DEQ investigates strange odor in Chalmette - FOX 8, WVUE,, weather, app, news, saints

DEQ investigates strange odor in Chalmette

Hundreds of homes sit near Chalmette's two big refineries and the Rain CII coke plant. Hundreds of homes sit near Chalmette's two big refineries and the Rain CII coke plant.
Approximate location of the Rain CII plant, Valero Refinery and Chalmette Refinery (Google Maps) Approximate location of the Rain CII plant, Valero Refinery and Chalmette Refinery (Google Maps)

There's a strange odor in the air in St. Bernard Parish. It's an odor that can be smelled in Jefferson Parish and parts of New Orleans, too.  Now, the DEQ is getting involved.

Residents in Chalmette and Terrytown first smelled something strange in the air Thursday evening. 

Chalmette resident Michelle Martin says, "It kind of did have a sulfur smell in the air yesterday, didn't really occur to me what it was."

Some people's eyes watered, and others had itchy throats. "The odor's real bad, especially for someone like me who has bronchitis and asthma real bad, you know," said St.

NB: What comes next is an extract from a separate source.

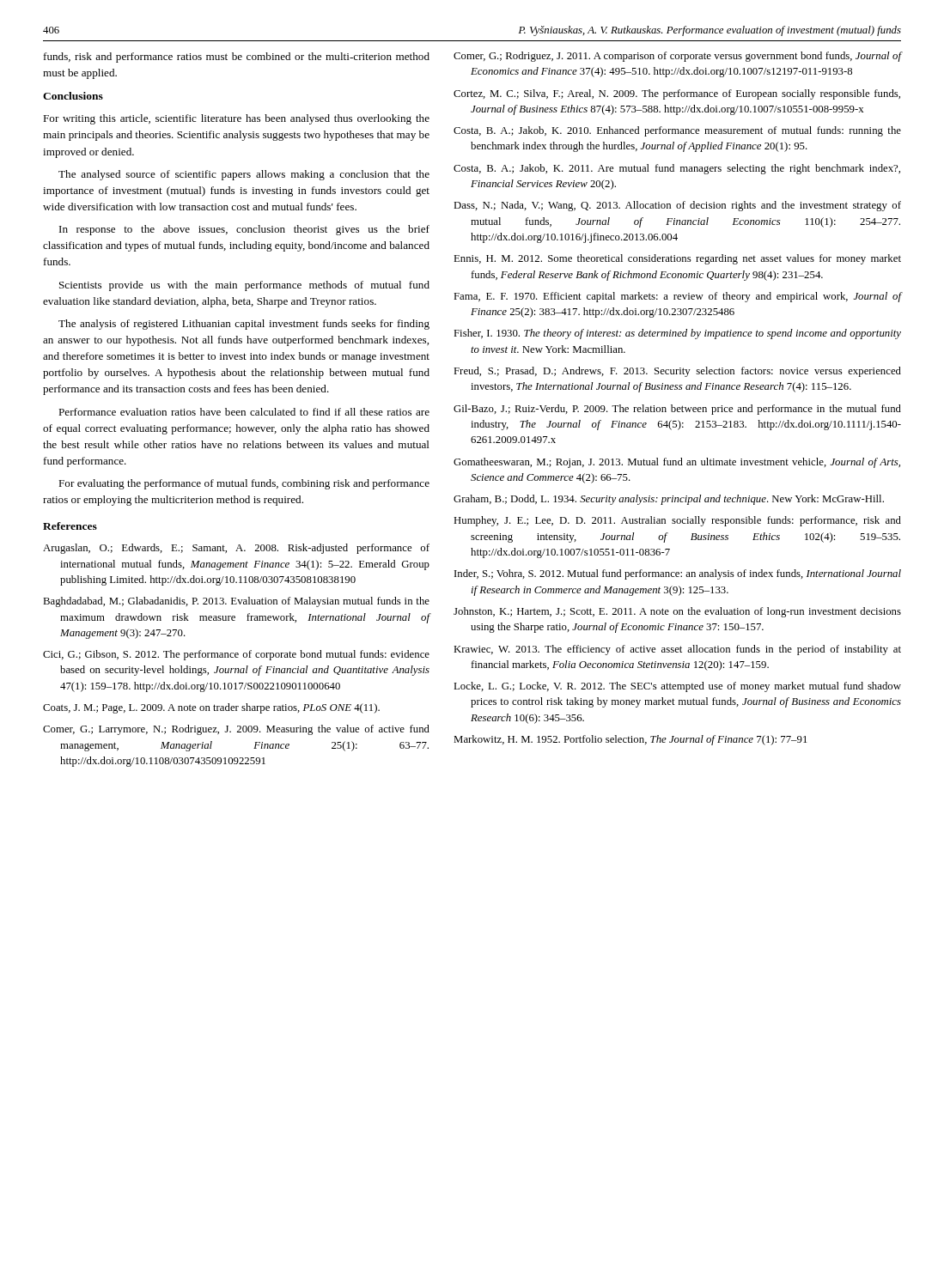Select the list item that reads "Gil-Bazo, J.; Ruiz-Verdu, P. 2009. The relation"

click(x=677, y=424)

Bernard Parish resident Russell Deroche Jr.

The Department of Environmental Quality sent in a mobile air monitoring lab Friday to test the air. A probe takes samples of the air, and then a machine analyzes the samples. The DEQ also brought in field workers.

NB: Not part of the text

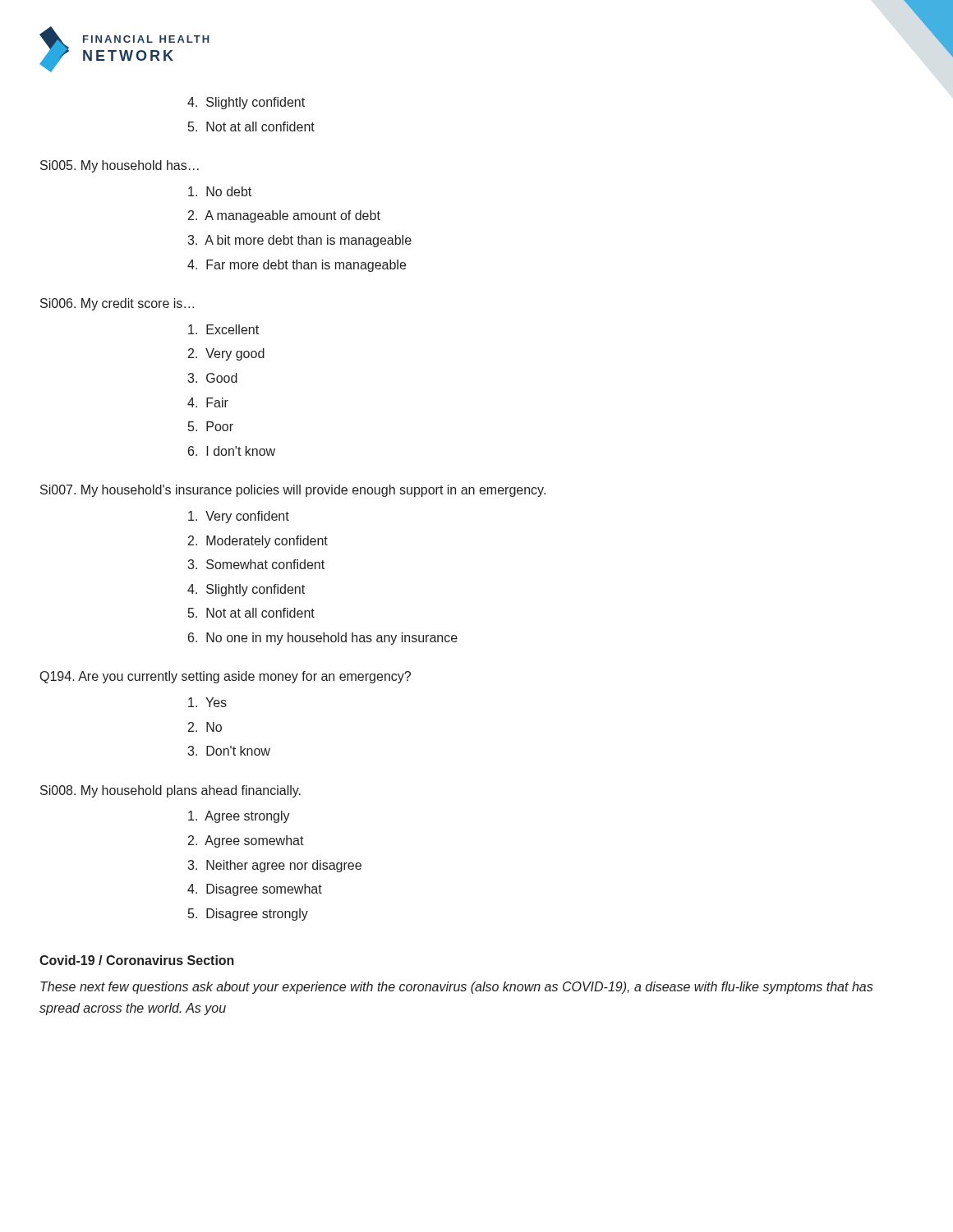Click on the list item containing "6. I don't know"

231,451

Tom Killeen, inspections division administrator for DEQ, says, "We have several teams who are out in the community, doing both fence line monitoring around the facilities that are here as well as other areas where there could be sources.  You know, marine sources, rail car sources."

But Killeen thinks the smell is most likely sulfur dioxide or methane coming from the two refineries or the Rain CII coke plant in Chalmette.

Killeen says the facilities deny the odor is coming from their plants. However, the tests must still be conducted to make sure the companies are being truthful.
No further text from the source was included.